Le 6 mars dernier, alors que les Algériens se mobilisaient par millions contre la candidature de Bouteflika pour un 5e mandat, il s’est exprimé clairement en faveur de «laisser le processus électoral se dérouler». Cinq jours plus tard, le 11 mars, il a fait un revirement pour s’aligner sur la position de l’alliance présidentielle algérienne en saluant la décision du Président sortant de ne pas briguer un nouveau mandat, cédant à la colère populaire.

Non seulement la France, par la voix du chef de sa diplomatie, a encensé Bouteflika qui aurait pris «des mesures pour rénover le système politique algérien», mais elle a vu dans son renoncement, pourtant forcé, «l’espoir d’une nouvelle dynamique à même de répondre aux aspirations profondes du peuple algérien».

Le lendemain, dans le même sens, le président Macron a publié un tweet, quasiment «ironique» selon l’expression de certains réseauteurs algériens. «La jeunesse algérienne a su exprimer son espoir de changement avec dignité. La décision du président Bouteflika ouvre une nouvelle page pour la démocratie algérienne. Nous serons aux côtés des Algériens dans cette période nouvelle, avec amitié et avec respect», a-t-il écrit.

Puis, le jour-même, lors d’une conférence de presse, il s’est permis de soutenir l’idée de la Conférence nationale de transition en faisant le vœu qu’elle soit tenue «dans un délai raisonnable». «Je pense que c’est un signe de maturité, nous ferons tout pour accompagner l’Algérie dans cette transition avec amitié et avec respect», a-t-il conclu. Ce qui n’a pas manqué d’alimenter davantage les rumeurs sur l’implication de Paris directement dans la vie politique algérienne, en soutenant le régime et en validant tous ses plans vains de sortie de crise.
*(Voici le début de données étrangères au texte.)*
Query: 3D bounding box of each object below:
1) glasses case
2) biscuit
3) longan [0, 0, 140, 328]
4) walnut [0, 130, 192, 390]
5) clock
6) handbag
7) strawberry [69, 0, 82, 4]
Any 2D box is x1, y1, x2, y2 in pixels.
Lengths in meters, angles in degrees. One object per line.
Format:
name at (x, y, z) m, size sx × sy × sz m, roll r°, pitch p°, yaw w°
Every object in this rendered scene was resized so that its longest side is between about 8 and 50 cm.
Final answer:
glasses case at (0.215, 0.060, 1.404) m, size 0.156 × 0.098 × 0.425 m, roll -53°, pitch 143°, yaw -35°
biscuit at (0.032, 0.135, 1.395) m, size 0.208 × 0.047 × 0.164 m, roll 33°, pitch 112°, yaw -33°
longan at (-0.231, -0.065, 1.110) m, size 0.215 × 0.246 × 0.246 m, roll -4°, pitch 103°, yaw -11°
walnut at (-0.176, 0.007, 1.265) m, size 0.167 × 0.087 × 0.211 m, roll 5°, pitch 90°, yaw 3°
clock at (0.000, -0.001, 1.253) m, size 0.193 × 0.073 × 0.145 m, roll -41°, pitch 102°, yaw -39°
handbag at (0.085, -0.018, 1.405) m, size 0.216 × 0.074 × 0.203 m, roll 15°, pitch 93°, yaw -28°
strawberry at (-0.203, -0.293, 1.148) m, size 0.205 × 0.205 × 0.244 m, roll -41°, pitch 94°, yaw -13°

Depuis plusieurs semaines, les médias français essayent de décortiquer et d’expliquer cette position, au mieux «prudente» au pire «complaisante», en la renvoyant généralement à la crainte exprimée par l’Elysée quant à l’absence d’une vision claire de l’après-Bouteflika. «Le cauchemar de Macron c’est l’Algérie !», a révélé notamment le Nouvel Observateur. Ce qui l’inquiéterait le plus, c’est la possibilité d’un afflux massif de réfugiés et la dégradation de la situation sécuritaire dans la région en cas de déstabilisation majeure de notre pays.

L’autre hypothèse, c’est que le gouvernement français aurait peur de perdre certains privilèges et intérêts économiques, particulièrement dans le secteur de l’énergie.
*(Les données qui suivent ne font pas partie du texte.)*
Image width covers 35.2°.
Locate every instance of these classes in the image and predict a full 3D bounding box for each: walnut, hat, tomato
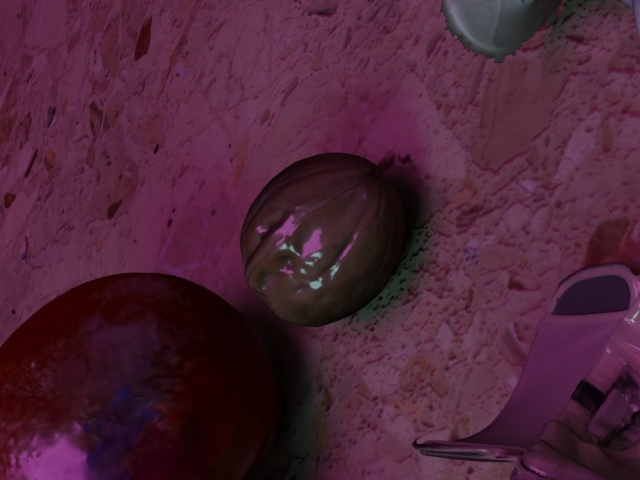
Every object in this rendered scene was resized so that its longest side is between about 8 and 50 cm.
[{"bbox_3d":[0.001,0.000,0.888,0.162,0.140,0.140,-53,45,44],"label":"walnut"},{"bbox_3d":[0.181,0.116,0.640,0.164,0.219,0.226,42,153,13],"label":"hat"},{"bbox_3d":[-0.194,0.164,0.917,0.335,0.289,0.176,-54,-12,-26],"label":"tomato"}]

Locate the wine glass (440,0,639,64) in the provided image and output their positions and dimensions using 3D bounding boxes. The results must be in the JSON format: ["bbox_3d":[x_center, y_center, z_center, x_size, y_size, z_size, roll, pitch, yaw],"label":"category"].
[{"bbox_3d":[0.225,-0.157,0.633,0.321,0.143,0.143,26,103,49],"label":"wine glass"}]

Le futur régime algérien pourrait notamment remettre en question les différents accords entre les deux pays dans ce secteur. Le risque pour ses investissements en Algérie, c’est aussi que le prochain Président et institutions législatives, élus démocratiquement, procèdent à un assainissement de la situation financière et juridique d’une certaine oligarchie en affaires avec des grandes entreprises françaises.